Lexus in the driveway, baby seat in the back. Kid’s bicycle in the carport—that’s two kids. Just the one car, though; unlikely that they wouldn’t both have one, man and wife. Someone wasn’t home. Nick rolled on by, taking the scene in. Looked very homey, but somebody wasn’t happy. He noted the sticker on the Lexus’s bumper:
MY CHILD IS ON THE HONOR ROLL AT UNION MILL ELEMENTARY
.
Good for him, or her. Nick needed more intel. He drove on, didn’t make a second sweep.

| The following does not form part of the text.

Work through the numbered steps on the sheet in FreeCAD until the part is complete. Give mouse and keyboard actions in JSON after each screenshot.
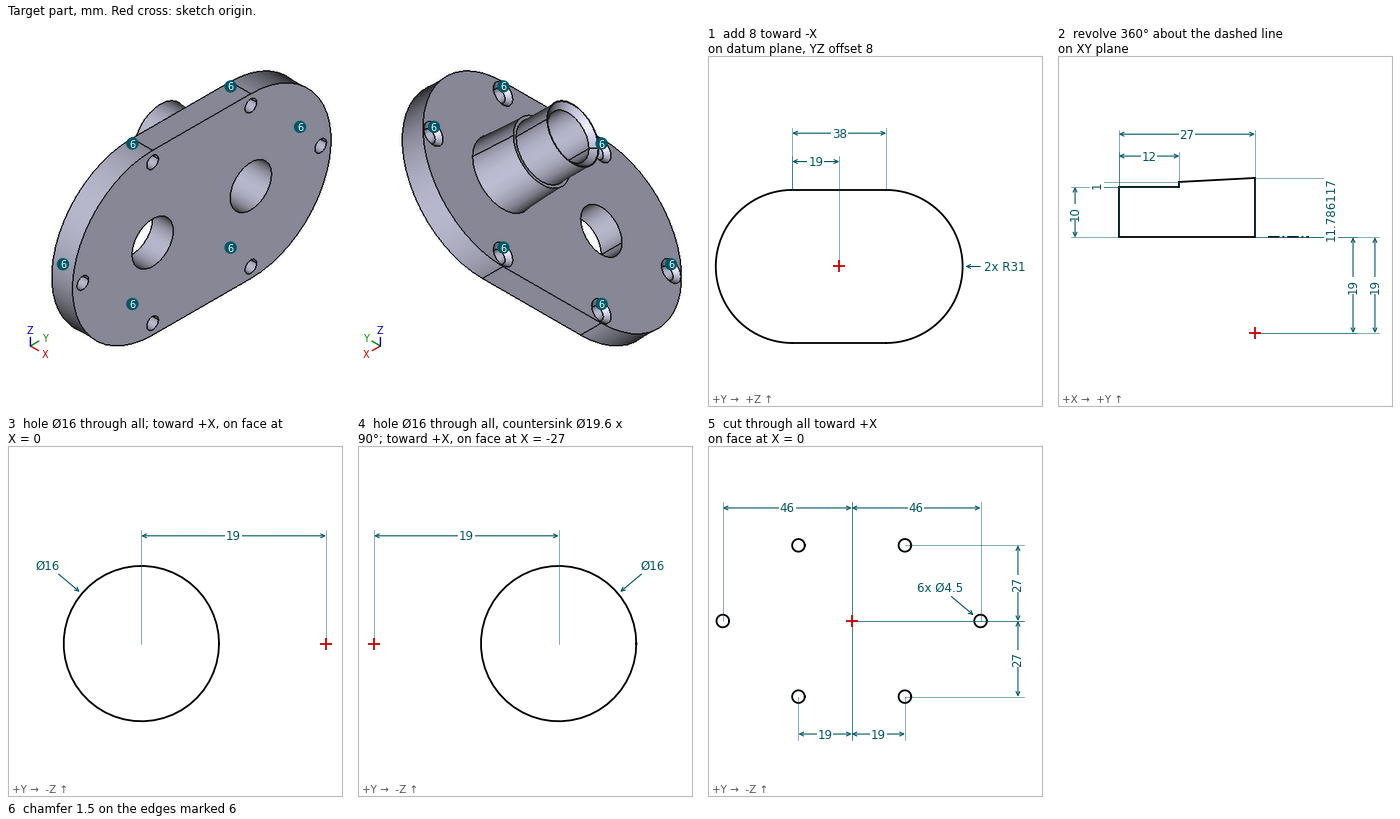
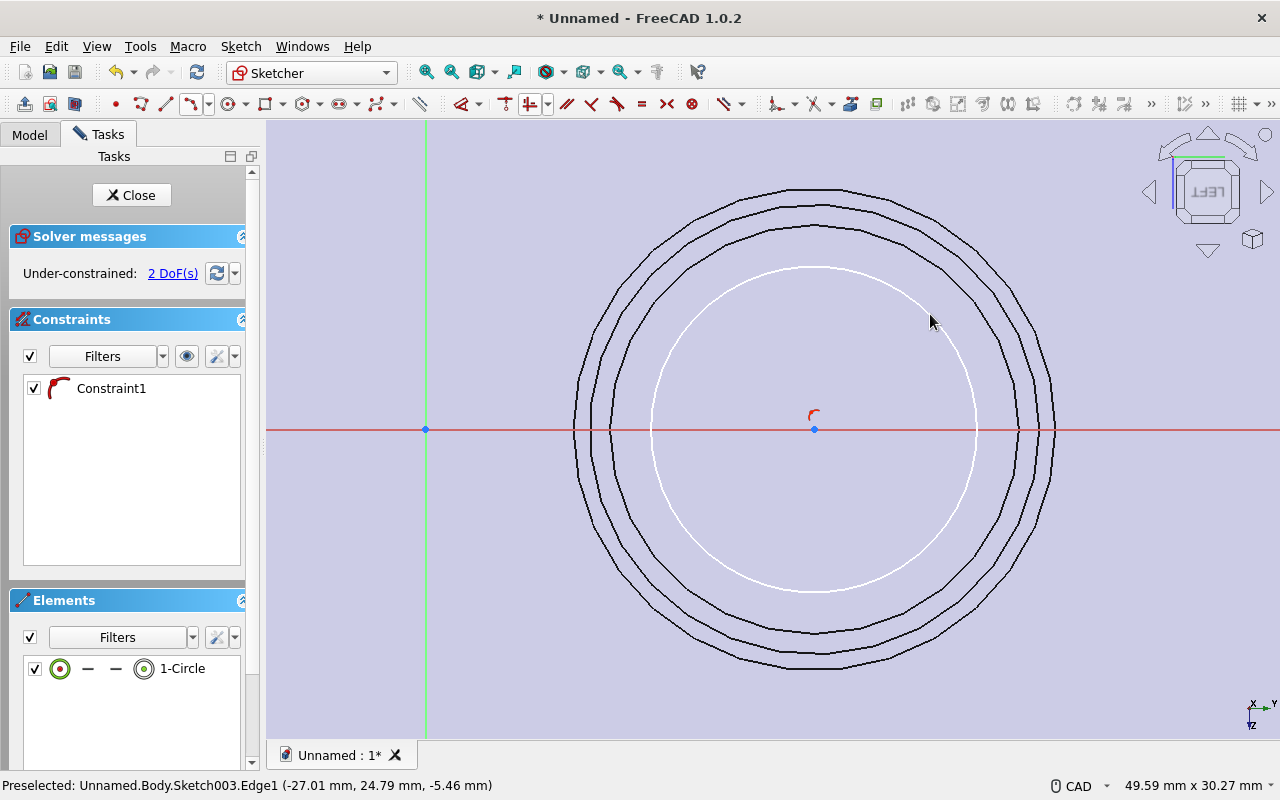
{"action": "key", "text": "d"}

His best guess was that Mommy was home but Daddy was out. It was past midnight by the bright blue digital numbers on the Benz’s clock, which made Daddy’s absence a bit strange, unless he was out for the night. Business trip, maybe, depending on his business. Maybe he just wasn’t around much. Nick took two rights and a left out of the subdivision and rode the farm road to the freeway clear to the south side of town, back to the Rialto and
CALIFORNIA F—KERS
and the familiar little Monkey Ward parking slot across the street.

The rain had let up a bit, slowed to a cool whisper. A guy in a dull yellow slicker shambled by the front of the theater. He was pulling from a bottle in a sopping wet paper bag. He hesitated under the white bulbs of the jutting marquee, thought about stepping in out of the rain, but the notion eluded him and he kept on. A few minutes later the myriad lights that studded the marquee flickered out, darkening the façade. Five stragglers shuffled through the front doors, ushered away by the women from the box office and concession counter, and the lobby went dark soon thereafter. Nick stabbed out a half-smoked cigarette. He didn’t want the glow at the end to be visible across the street.

The concession girl left first, as always. She popped open a black umbrella and walked hunched against the rain up the block and around the corner to Van Buren Street. Nick leaned closer to the windshield, fogging the glass a little with his breath. If the pattern held…

It did, and the girl came out next, having disappeared into the porno theater doing God knew what for six hours and emerging now, the ever-present plastic grocery bag dangling from her hand. No umbrella for her, the black hood of her sweatshirt was all she required. She zipped the front up to her throat and nodded to the box office girl, who locked up and nodded back. Box Office climbed onto a bicycle and sped off dodging the raindrops. The girl remaining waited. Nick waited with her.